Transparently, it’s not my dad’s first choice of activity, but ever since I was a kid, my mom would drop hints to surprise her with tickets to a ballet.  

I vividly recall being ten in the kitchen as she poked his side with a flirty look on her face and him rolling his eyes, nodding as if to say, “One day.”

I thought it would be amazing if he could take her on a date and gift her with that memory.  

I can’t necessarily say, ‘happy wife, happy life’ applies in this particular case, but I suppose sacrifice never truly ceases in marriage. Especially given all that my amazing mom has sacrificed in the last nine months post-diagnosis.

I had imagined watching the agile dancers soaring high in the air and then collapsing with grace onto the floor.

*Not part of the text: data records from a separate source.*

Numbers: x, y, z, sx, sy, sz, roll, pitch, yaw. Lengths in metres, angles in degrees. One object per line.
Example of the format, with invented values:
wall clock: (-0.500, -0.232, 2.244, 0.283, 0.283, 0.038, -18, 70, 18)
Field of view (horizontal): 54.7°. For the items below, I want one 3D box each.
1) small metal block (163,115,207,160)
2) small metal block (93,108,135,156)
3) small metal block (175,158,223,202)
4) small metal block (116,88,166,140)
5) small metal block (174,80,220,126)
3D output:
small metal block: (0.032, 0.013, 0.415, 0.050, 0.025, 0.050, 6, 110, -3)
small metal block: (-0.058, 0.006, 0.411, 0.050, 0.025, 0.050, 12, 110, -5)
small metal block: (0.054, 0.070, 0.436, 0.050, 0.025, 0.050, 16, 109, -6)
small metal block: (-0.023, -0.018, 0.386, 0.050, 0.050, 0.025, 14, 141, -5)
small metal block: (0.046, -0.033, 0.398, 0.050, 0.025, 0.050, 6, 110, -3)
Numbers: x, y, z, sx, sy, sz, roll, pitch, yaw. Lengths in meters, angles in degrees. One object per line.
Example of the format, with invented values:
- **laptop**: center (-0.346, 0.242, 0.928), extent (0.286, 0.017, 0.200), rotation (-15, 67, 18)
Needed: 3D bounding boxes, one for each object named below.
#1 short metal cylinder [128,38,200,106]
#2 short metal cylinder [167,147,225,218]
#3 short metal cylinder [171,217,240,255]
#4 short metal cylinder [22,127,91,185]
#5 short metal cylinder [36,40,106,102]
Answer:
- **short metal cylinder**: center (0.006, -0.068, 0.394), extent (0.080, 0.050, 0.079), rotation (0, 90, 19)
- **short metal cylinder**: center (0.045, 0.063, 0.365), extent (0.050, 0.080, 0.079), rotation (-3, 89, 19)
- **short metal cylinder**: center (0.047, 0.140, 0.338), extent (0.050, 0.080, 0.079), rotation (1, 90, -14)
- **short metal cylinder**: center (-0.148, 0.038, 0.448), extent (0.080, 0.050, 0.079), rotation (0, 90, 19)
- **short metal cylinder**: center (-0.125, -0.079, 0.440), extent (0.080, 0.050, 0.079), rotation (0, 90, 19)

Much like the dance we’ve been forced to do these past two weeks.

The ballet didn’t happen.

He could barely walk ten steps without gasping for breath, let alone to the car.

The next day, Ray & Hillary dropped off a box at the house - It was the most beautiful stained glass 2021 tree ornament of the Hotel Del Coronado.

I went to pull it out of the very snug box and my index finger went straight through one of the glass roof “tiles” right in the center. Everything else was intact except that one shattered shingle.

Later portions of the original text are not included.